Alana notes that Tamne’s Indian accent made it even harder to sympathize with Heathcliff. “Liam Tamne’s choice of a stereotypical Indian accent for Heathcliff takes the audience member out of the story and leaves you questioning whether the performance is appropriate instead of paying attention to whether the abuse the character endures explains his callousness.”

Hardik Yadav finds precedent for the choice in the text of the novel: “Heathcliff, supposed to be “a gift of God” (or from the devil, for “it’s as dark almost as if”; 30) in the novel, is rendered an Indian in this English production. [Do not cue the tabla, please.] There is a precedent in the source for Indianizing Heathcliff (or implying it). Emily Brontë’s characters allude to it early on: he may be a “a little Lascar” (43): he may even have an Indian queen for a mother (49). Who knows ... as Catherine says, resuming her interest in his handsomeness: “You’re fit for a prince in disguise” (49).”

And yet Hardik also found that this choice to make Heathcliff “Indian” reduced Heathcliff’s ability to perform the many kinds of otherness he represents in Brontë’s novel. He points to John Bugg’s argument that the instability of Heathcliff’s ambiguous otherness is crucial to the interpretive work that the novel demands.

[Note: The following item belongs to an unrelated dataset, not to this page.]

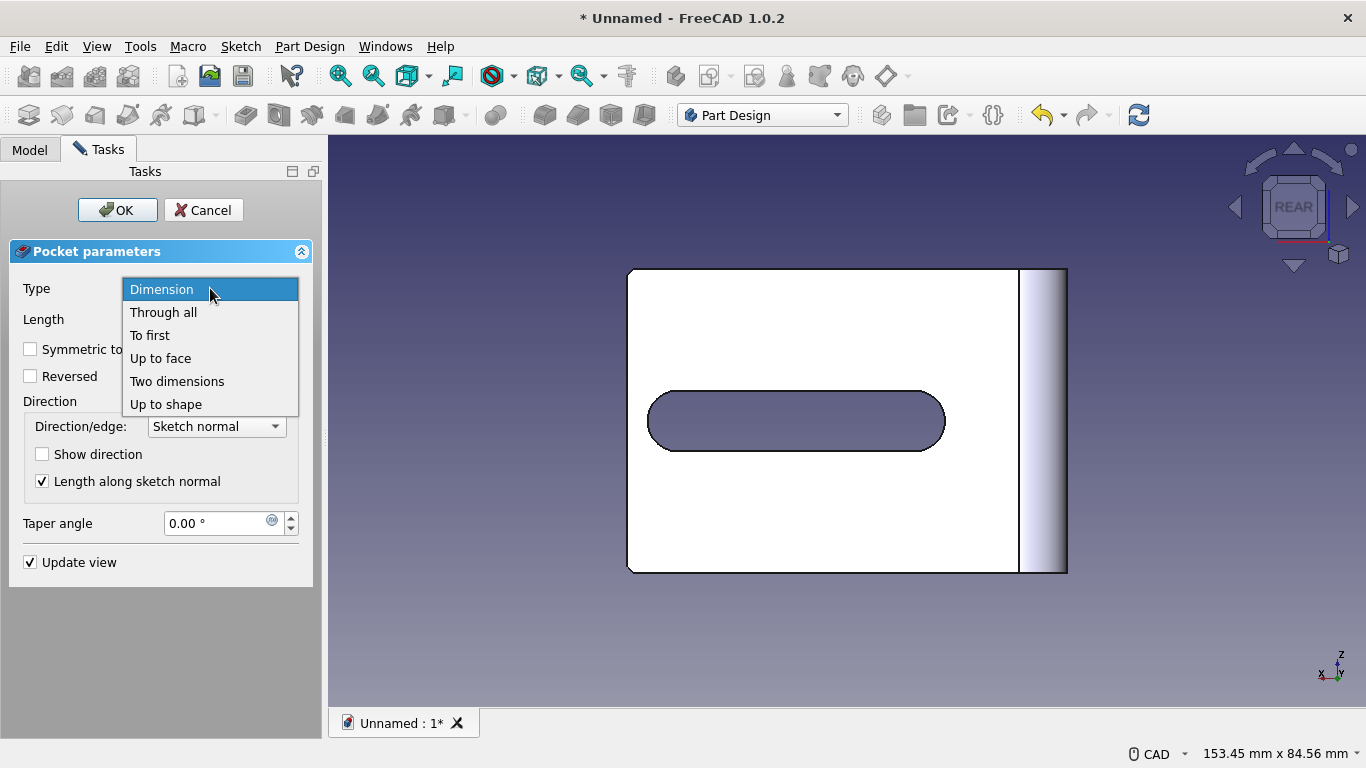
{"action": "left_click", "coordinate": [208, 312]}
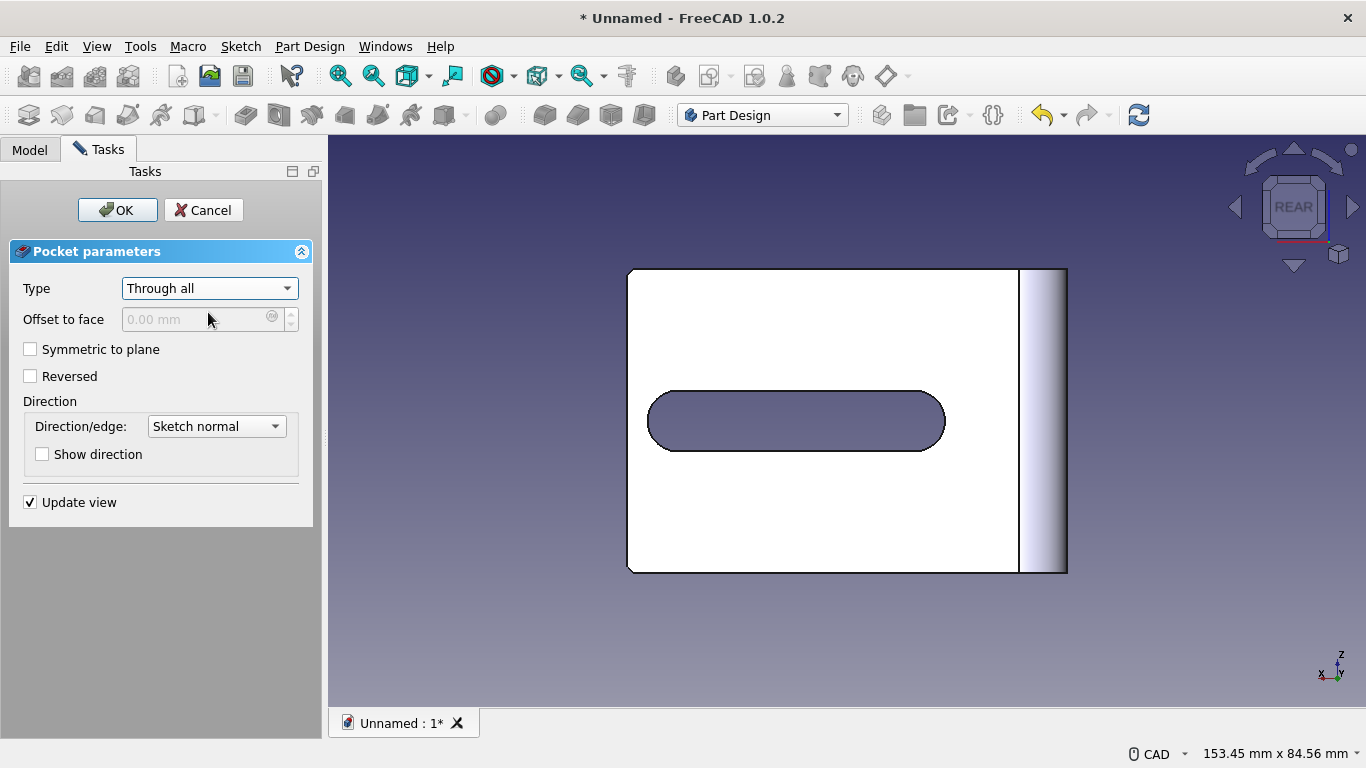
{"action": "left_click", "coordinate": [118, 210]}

 “Yet here we are: with a racially ambiguous actor (Liam Tamne)—points there! and only there—randomly picking and dropping a stereotypical thick Indian accent, perhaps when suspecting it near-impossible that the background tabla score won’t clue us in on his Heathcliff’s Indianness… What Tamne is doing is significant: we cannot ignore Heathcliff’s marked difference. But to this Indian, this presentation of the Indian-race-take feels like eating at an Indian restaurant outside India; not the times when what I am served turns out good; but most other times when what I am served is a reminder, reminder that it’s not for me… and I am brought back to craving as I had begun (– so what if I’ll probably eat up whatever is served?).”

Hardik argues that by making Heathcliff Indian, the production also implicitly makes Indianness a marker of otherness—a step which does not work for him. “In Brontë’s creation, Heathcliff is yours as is mine, can be mine. I like him in how novelist Caleb Crain receives him: “the brutality of Heathcliff is far from lessening Catherine’s attraction; on the contrary, the pain that Heathcliff lives in is seductive; it renders him more vivid than anyone polite and respectable could be.” Catherine’s prince-in-disguise lives in text as though seductively inviting the reader into feeling his pain. Heathcliff on stage last Saturday seemed performed, seemed performed for the viewer to sense his otherness, his Indianness; otherness cannot be marked with Indianness, not for me; handsome as Tamne is, his Heathcliff is not for me.”  

Professor Chris GoGwilt responded to “Wuthering Heights” more poetically, further illustrating how wide the range of personal experiences of a single performance can be.

Wise Children’s “Wuthering Heights” will be on tour in the United States until March.